After enabling, trace level logging this is what I see in the logs:-

[2019-05-14T21:02:46,634][TRACE][filewatch.discoverer ] discover_files handling: {"new discovery"=>true, "watched_file details"=>"<FileWatch::WatchedFile: @filename='9223351846341672359#726#Kindle 5.11.1 (3527990035)#9804d1903e4064994ed60372c2ef4e21#4a25d%2F1557657288%2F9804d1903e4064994ed60372c2ef4e21.1557657269993:DET:UPLOAD', @state='watched', @recent_states='[:watched]', @bytes_read='0', @bytes_unread='0', current_size='333254', last_stat_size='333254', file_open?='false', @initial=true, @sincedb_key='24775306 0 64768'>"}
[2019-05-14T21:02:46,634][TRACE][filewatch.sincedbcollection] associate: finding {"inode"=>"24775306", "path"=>"/local/kdmlogs/2019051319/91/9223351846341672359#726#Kindle 5.11.1 (3527990035)#9804d1903e4064994ed60372c2ef4e21#4a25d%2F1557657288%2F9804d1903e4064994ed60372c2ef4e21.1557657269993:DET:UPLOAD"}
[2019-05-14T21:02:46,634][TRACE][filewatch.sincedbcollection] associate: unmatched
[2019-05-14T21:02:46,635][TRACE][filewatch.discoverer ] discover_files handling: {"new discovery"=>true, "watched_file details"=>"<FileWatch::WatchedFile: @filename='9223351846341684579#726#Kindle 5.11.1 (3527990035)#add089b1d9d0d50c67a262050c74cba0#18f20%2F1557652348%2Fadd089b1d9d0d50c67a262050c74cba0.1557652324692:DET:UPLOAD', @state='watched', @recent_states='[:watched]', @bytes_read='0', @bytes_unread='0', current_size='710', last_stat_size='710', file_open?='false', @initial=true, @sincedb_key='24775349 0 64768'>"}
[2019-05-14T21:02:46,635][TRACE][filewatch.sincedbcollection] associate: finding {"inode"=>"24775349", "path"=>"/local/kdmlogs/2019051319/91/9223351846341684579#726#Kindle 5.11.1 (3527990035)#add089b1d9d0d50c67a262050c74cba0#18f20%2F1557652348%2Fadd089b1d9d0d50c67a262050c74cba0.1557652324692:DET:UPLOAD"}
[2019-05-14T21:02:46,635][TRACE][filewatch.sincedbcollection] associate: unmatched
[2019-05-14T21:02:46,636][TRACE][filewatch.discoverer ] discover_files handling: {"new discovery"=>true, "watched_file details"=>"<FileWatch::WatchedFile: @filename='9223351846341704272#726#Kindle 5.11.1 (3527990035)#853ea75b6a45313932cb2a43c59f209e#49e2f%2F1557645334%2F853ea75b6a45313932cb2a43c59f209e.1557645308668:DET:UPLOAD', @state='watched', @recent_states='[:watched]', @bytes_read='0', @bytes_unread='0', current_size='227427', last_stat_size='227427', file_open?='false', @initial=true, @sincedb_key='24776898 0 64768'>"}

I am not sure what this actually means.
I presume it discovers the file and looks it in the sincedb collection, doesn't find it and calls it unmatched.

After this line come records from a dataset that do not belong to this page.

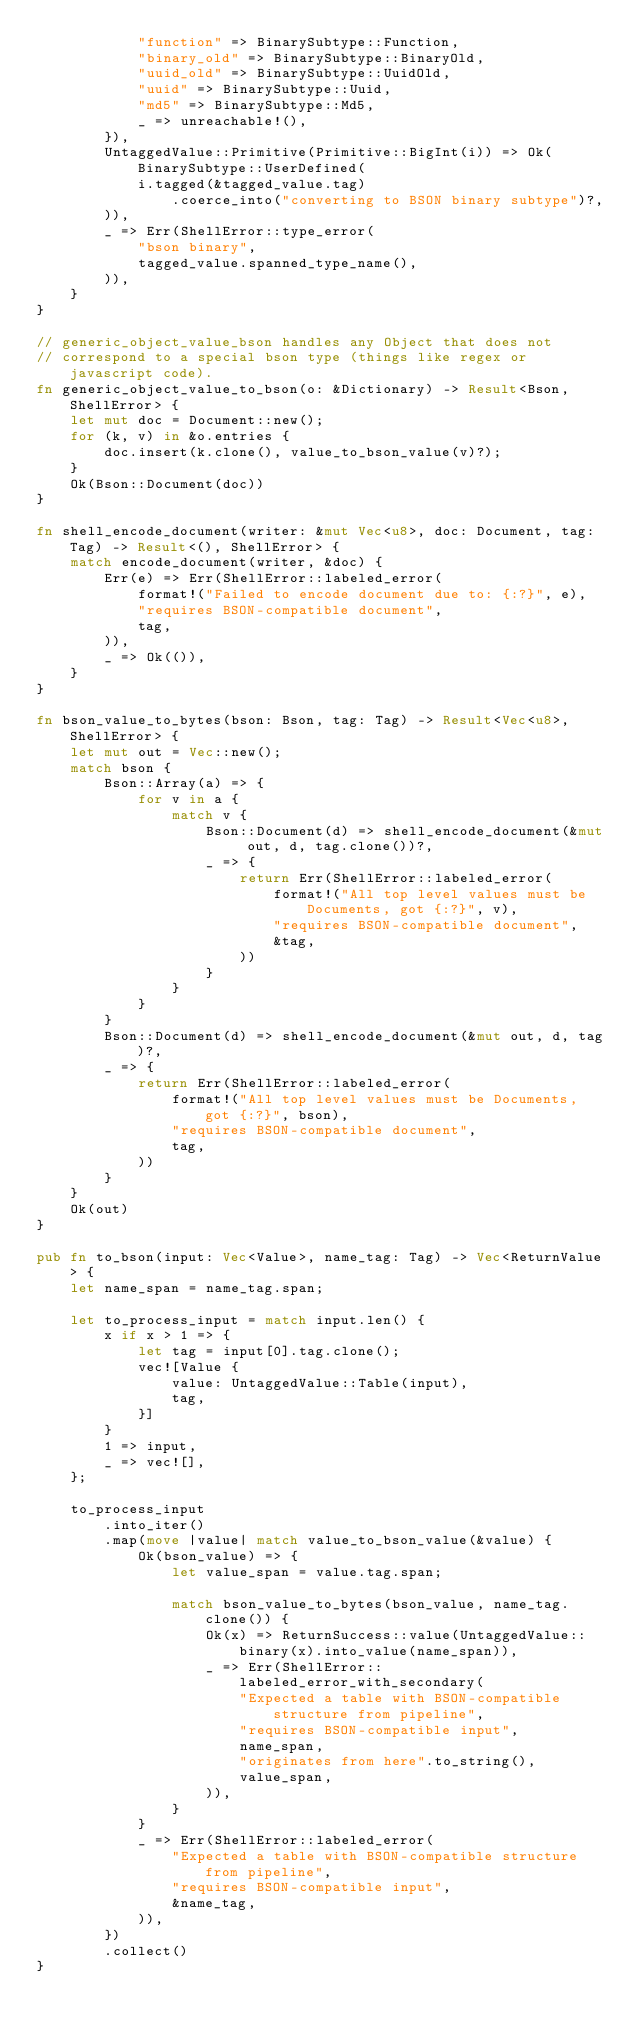<code> <loc_0><loc_0><loc_500><loc_500><_Rust_>            "function" => BinarySubtype::Function,
            "binary_old" => BinarySubtype::BinaryOld,
            "uuid_old" => BinarySubtype::UuidOld,
            "uuid" => BinarySubtype::Uuid,
            "md5" => BinarySubtype::Md5,
            _ => unreachable!(),
        }),
        UntaggedValue::Primitive(Primitive::BigInt(i)) => Ok(BinarySubtype::UserDefined(
            i.tagged(&tagged_value.tag)
                .coerce_into("converting to BSON binary subtype")?,
        )),
        _ => Err(ShellError::type_error(
            "bson binary",
            tagged_value.spanned_type_name(),
        )),
    }
}

// generic_object_value_bson handles any Object that does not
// correspond to a special bson type (things like regex or javascript code).
fn generic_object_value_to_bson(o: &Dictionary) -> Result<Bson, ShellError> {
    let mut doc = Document::new();
    for (k, v) in &o.entries {
        doc.insert(k.clone(), value_to_bson_value(v)?);
    }
    Ok(Bson::Document(doc))
}

fn shell_encode_document(writer: &mut Vec<u8>, doc: Document, tag: Tag) -> Result<(), ShellError> {
    match encode_document(writer, &doc) {
        Err(e) => Err(ShellError::labeled_error(
            format!("Failed to encode document due to: {:?}", e),
            "requires BSON-compatible document",
            tag,
        )),
        _ => Ok(()),
    }
}

fn bson_value_to_bytes(bson: Bson, tag: Tag) -> Result<Vec<u8>, ShellError> {
    let mut out = Vec::new();
    match bson {
        Bson::Array(a) => {
            for v in a {
                match v {
                    Bson::Document(d) => shell_encode_document(&mut out, d, tag.clone())?,
                    _ => {
                        return Err(ShellError::labeled_error(
                            format!("All top level values must be Documents, got {:?}", v),
                            "requires BSON-compatible document",
                            &tag,
                        ))
                    }
                }
            }
        }
        Bson::Document(d) => shell_encode_document(&mut out, d, tag)?,
        _ => {
            return Err(ShellError::labeled_error(
                format!("All top level values must be Documents, got {:?}", bson),
                "requires BSON-compatible document",
                tag,
            ))
        }
    }
    Ok(out)
}

pub fn to_bson(input: Vec<Value>, name_tag: Tag) -> Vec<ReturnValue> {
    let name_span = name_tag.span;

    let to_process_input = match input.len() {
        x if x > 1 => {
            let tag = input[0].tag.clone();
            vec![Value {
                value: UntaggedValue::Table(input),
                tag,
            }]
        }
        1 => input,
        _ => vec![],
    };

    to_process_input
        .into_iter()
        .map(move |value| match value_to_bson_value(&value) {
            Ok(bson_value) => {
                let value_span = value.tag.span;

                match bson_value_to_bytes(bson_value, name_tag.clone()) {
                    Ok(x) => ReturnSuccess::value(UntaggedValue::binary(x).into_value(name_span)),
                    _ => Err(ShellError::labeled_error_with_secondary(
                        "Expected a table with BSON-compatible structure from pipeline",
                        "requires BSON-compatible input",
                        name_span,
                        "originates from here".to_string(),
                        value_span,
                    )),
                }
            }
            _ => Err(ShellError::labeled_error(
                "Expected a table with BSON-compatible structure from pipeline",
                "requires BSON-compatible input",
                &name_tag,
            )),
        })
        .collect()
}
</code> 
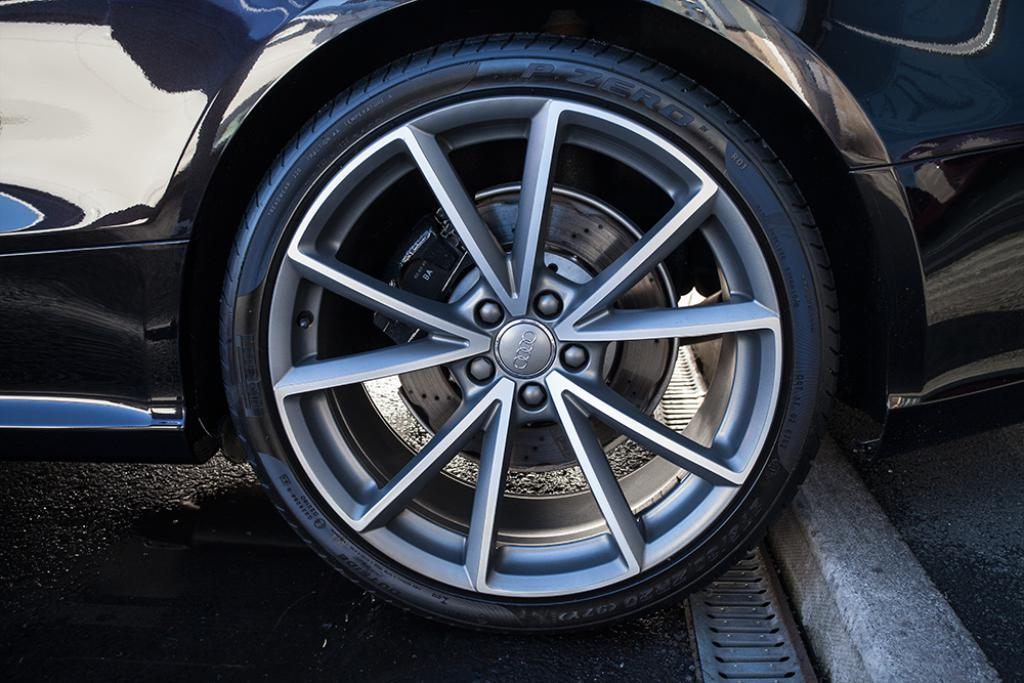What color is the car in the picture? The car in the picture is black. What part of the car is visible in the center of the image? The car's wheel is visible in the center of the image. What type of surface is visible at the bottom of the image? The road is visible at the bottom of the image. How far away is the business from the car in the image? There is no business visible in the image, so it is not possible to determine the distance between the car and a business.

Hi @Badger, did you find time to look at the log above?

Thanks.

I did but I do not understand the filewatch code well enough to interpret it. It is finding the files and knows they are not zero length, but does not appear to start reading them. I do not understand how that could happen.

An update on this. After around 15 hours, logstash started reading some files.
However the event rate that I captured from the "metrics" plugin was too low ~2000 events/sec. I usually get an average of 25,0000 events/sec.

It stopped again after an hour. It didn't read all the files from the subdirectory.

Unfortunately there is not enough components at TRACE level logging.

I need as many filewatch.readmode.* components as possible logging at TRACE.

What is the output of curl -XGET 'localhost:9600/_node/logging?pretty'?

This topic was automatically closed 28 days after the last reply. New replies are no longer allowed.